Mindfulness para a infertilidade

Investigadores portugueses desenvolveram um método que permite reduzir o sofrimento e melhorar a qualidade de vida das mulheres inférteis

Usar o mindfulness, um treino mental que ensina a lidar com pensamentos e emoções, para melhorar a qualidade de vida de quem sofre de infertilidade. A ideia tomou forma, pela primeira vez a nível global, pela mão de uma equipa do Centro de Investigação do Núcleo de Estudo e Intervenção Cognitivo-Comportamental da Universidade de Coimbra. Depois de criarem a metodologia, a que chamaram Programa Baseado no Mindfulness para a Infertilidade (PBMI), testaram a sua eficácia, aplicando-o a mulheres portuguesas que estavam a realizar tratamentos médicos para a infertilidade. Os resultados já foram publicados na revista da Sociedade Americana de Medicina da Reprodução, Fertility and Sterility.

A análise revelou uma diminuição significativa de «aspetos negativos, como a vergonha, a derrota ou o autojulgamento, e de estados de depressão e ansiedade», refere Ana Galhardo, a psicóloga clínica cuja investigação de doutoramento deu lugar a este estudo e com quem falámos para saber como funciona este tipo de intervenção. A ideia nasceu do reconhecimento de que a infertilidade «é um problema gerador de sofrimento», tal como «uma multiplicidade de condições clínicas» em que as abordagens baseadas no mindfulness se têm mostrado eficazes, contou à Prevenir Ana Galhardo.

Isso mesmo foi demonstrado pelos estudos conduzidos pela equipa no sentido de «explorar em que medida as pessoas com infertilidade a realizar tratamento médico se diferenciavam de pessoas férteis e de pessoas com infertilidade que não estavam a ser acompanhadas medicamente e eram candidatas a adoção». Os resultados revelaram diferenças significativas que importa assinalar. «Os casais com infertilidade em processo de tratamento médico e, em particular, as mulheres, evidenciavam níveis mais elevados de psicopatologia», refere.

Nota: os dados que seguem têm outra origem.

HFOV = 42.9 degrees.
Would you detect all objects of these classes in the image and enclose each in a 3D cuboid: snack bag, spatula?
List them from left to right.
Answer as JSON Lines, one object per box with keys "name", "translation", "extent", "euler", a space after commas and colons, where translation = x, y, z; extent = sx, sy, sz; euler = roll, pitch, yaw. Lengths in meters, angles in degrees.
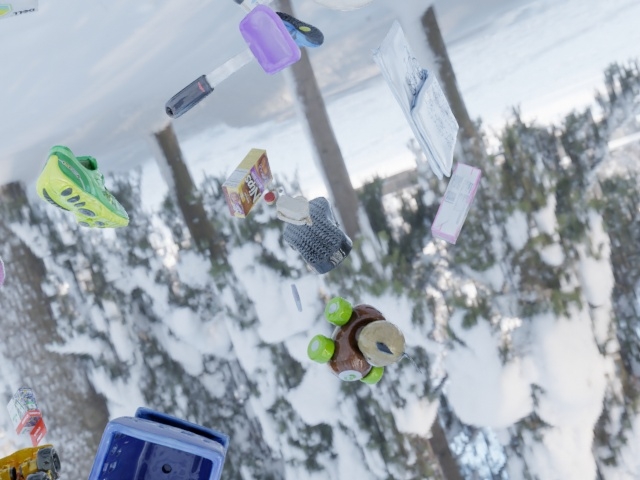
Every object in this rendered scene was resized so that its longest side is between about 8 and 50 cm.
{"name": "spatula", "translation": [-0.133, -0.227, 1.102], "extent": [0.296, 0.084, 0.030], "euler": [-22, -165, 44]}
{"name": "snack bag", "translation": [0.238, -0.350, 1.945], "extent": [0.037, 0.342, 0.323], "euler": [-23, -160, 25]}

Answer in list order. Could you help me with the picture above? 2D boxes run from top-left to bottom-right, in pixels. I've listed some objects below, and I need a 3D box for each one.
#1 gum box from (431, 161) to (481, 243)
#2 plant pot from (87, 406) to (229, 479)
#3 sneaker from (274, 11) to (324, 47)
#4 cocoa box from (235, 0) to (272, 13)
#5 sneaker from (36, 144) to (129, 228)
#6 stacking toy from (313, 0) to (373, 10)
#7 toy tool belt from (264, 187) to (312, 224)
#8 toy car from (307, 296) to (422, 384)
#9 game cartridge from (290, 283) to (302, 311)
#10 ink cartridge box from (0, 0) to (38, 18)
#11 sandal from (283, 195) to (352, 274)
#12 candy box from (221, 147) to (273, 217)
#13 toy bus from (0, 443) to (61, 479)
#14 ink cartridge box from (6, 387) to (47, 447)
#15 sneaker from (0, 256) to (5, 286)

«Apresentavam, por exemplo, sintomas de depressão, ansiedade e afeto negativo e de emoções negativas (como a vergonha e a derrota), bem como maior recurso a estratégias de regulação das emoções tendencialmente disfuncionais, nomeadamente mais inflexibilidade psicológica ou evitamento experiencial, mais autojulgamento e menos autocompaixão», sublinha ainda Ana Galhardo. Segundo a Associação Portuguesa de Infertilidade (API), em Portugal, cerca de 15 a 20% dos casais em idade reprodutiva apresentam problemas de infertilidade.

Reduzir o sofrimento

O objetivo da metodologia desenvolvida não é superar a infertilidade, mas ajudar a «lidar com as suas consequências em termos psicológicos de uma forma mais funcional e adaptativa, atenuando o impacto na saúde mental e na vida das pessoas afetadas», esclarece a investigadora. A finalidade adequa-se à definição de mindfulness que, refere citando o psicólogo norte-americano Christopher Germer, é «uma forma simples de nos relacionarmos com a experiência que, desde há muito, tem vindo a ser usada para atenuar a dor das dificuldades da vida, particularmente daquelas que são aparentemente autoimpostas».

No fundo, explica o especialista, «corresponde ao oposto do funcionamento em piloto automático e do sonhar acordado, pois implica direcionar a atenção para o que se destaca no momento presente» e equipara-se a «uma ação de observação participante, na medida em que implica estar consciente, de um modo profundo e direto, do que está a acontecer, à medida que acontece, com uma atitude de aceitação», refere ainda.